Data to process Block Start

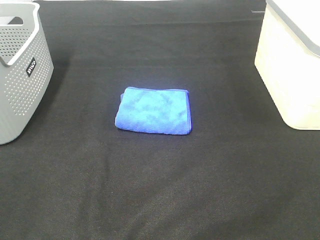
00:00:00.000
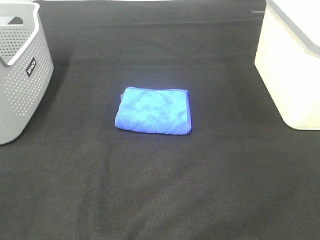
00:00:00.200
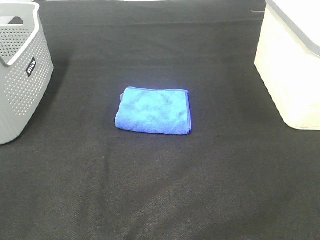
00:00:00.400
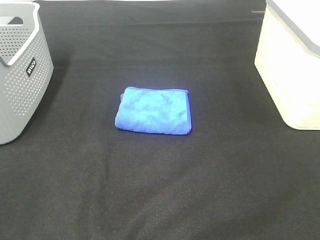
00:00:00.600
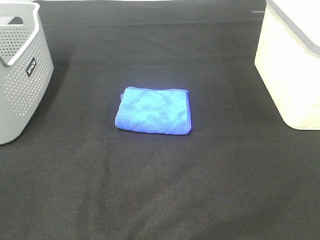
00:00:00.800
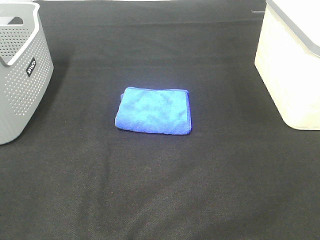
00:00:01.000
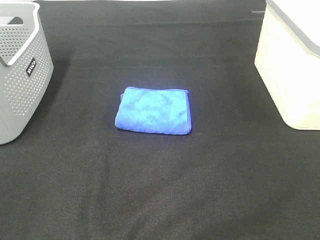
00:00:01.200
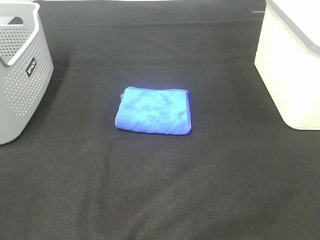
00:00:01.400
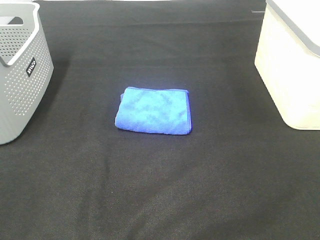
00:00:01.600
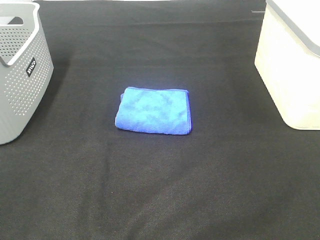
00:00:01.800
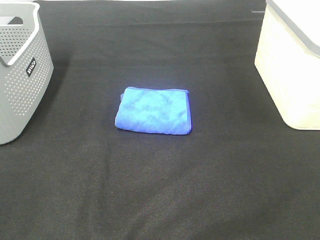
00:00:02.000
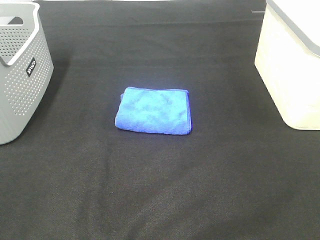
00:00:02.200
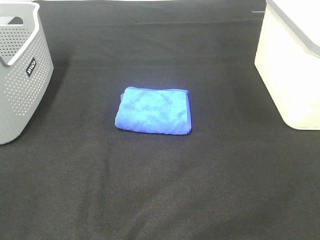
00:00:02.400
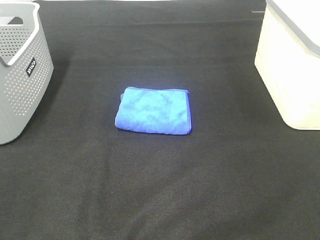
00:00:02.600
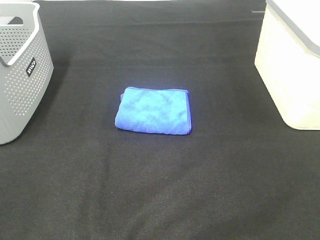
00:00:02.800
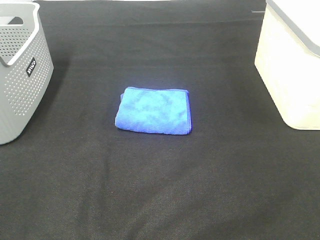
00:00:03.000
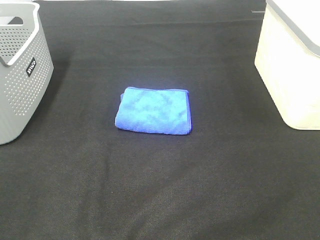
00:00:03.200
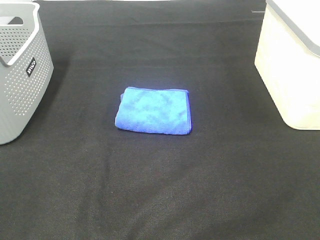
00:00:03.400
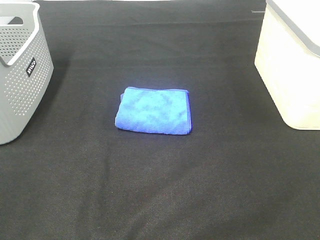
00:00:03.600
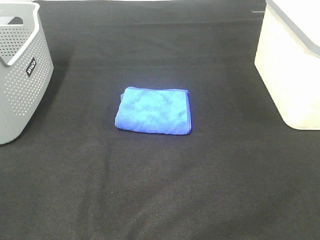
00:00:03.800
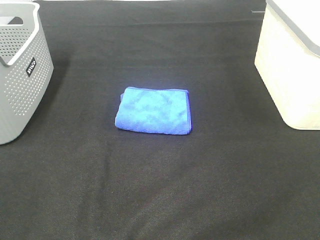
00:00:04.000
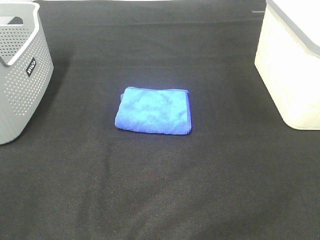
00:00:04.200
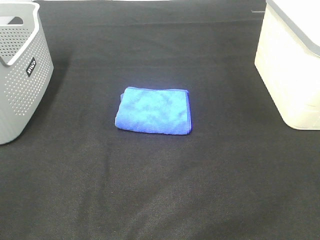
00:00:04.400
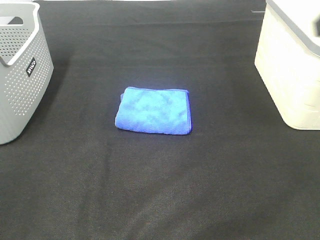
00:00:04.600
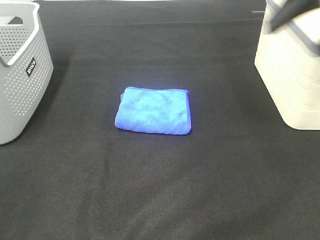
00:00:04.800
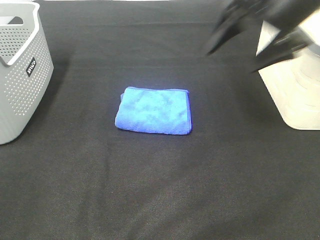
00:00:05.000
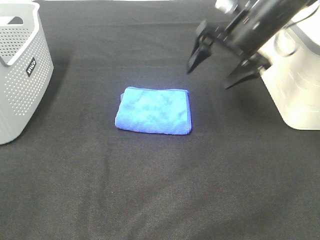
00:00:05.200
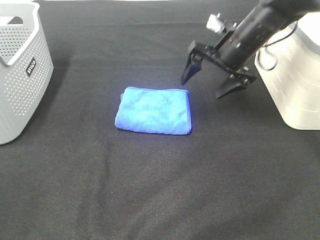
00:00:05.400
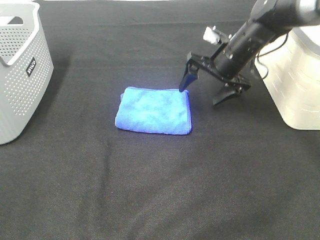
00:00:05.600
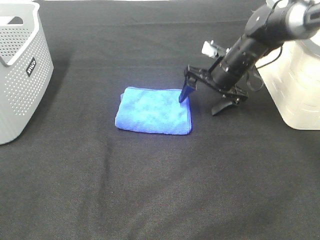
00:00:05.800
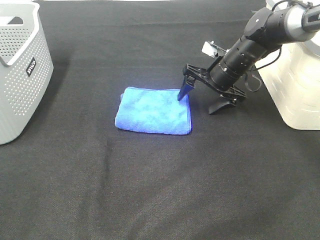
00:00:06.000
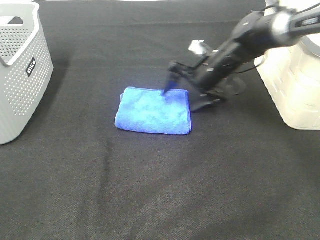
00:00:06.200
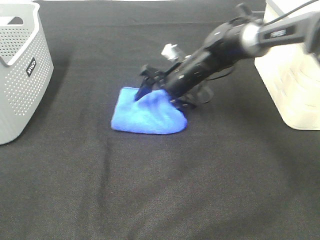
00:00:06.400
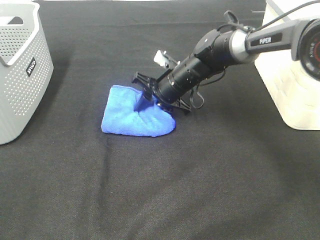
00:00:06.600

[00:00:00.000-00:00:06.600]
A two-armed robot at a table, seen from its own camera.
00:00:00.000 to 00:00:03.200: Neither gripper changes place.
00:00:03.200 to 00:00:05.000: The right gripper travels forward by roughly 35 cm.
00:00:05.000 to 00:00:06.600: The right gripper moves downward and to the left, some 25 cm, and closes up.

Data to process Block End

### Task to carry out
Please write out, word for word, only the lines from the one holding "00:00:04.400" through the end of the records above, with both end lines included and the pictures dropped.

### Output of the exercise
00:00:04.400
00:00:04.600
00:00:04.800
00:00:05.000
00:00:05.200
00:00:05.400
00:00:05.600
00:00:05.800
00:00:06.000
00:00:06.200
00:00:06.400
00:00:06.600

[00:00:00.000-00:00:06.600]
A two-armed robot at a table, seen from its own camera.
00:00:00.000 to 00:00:03.200: Neither gripper changes place.
00:00:03.200 to 00:00:05.000: The right gripper travels forward by roughly 35 cm.
00:00:05.000 to 00:00:06.600: The right gripper moves downward and to the left, some 25 cm, and closes up.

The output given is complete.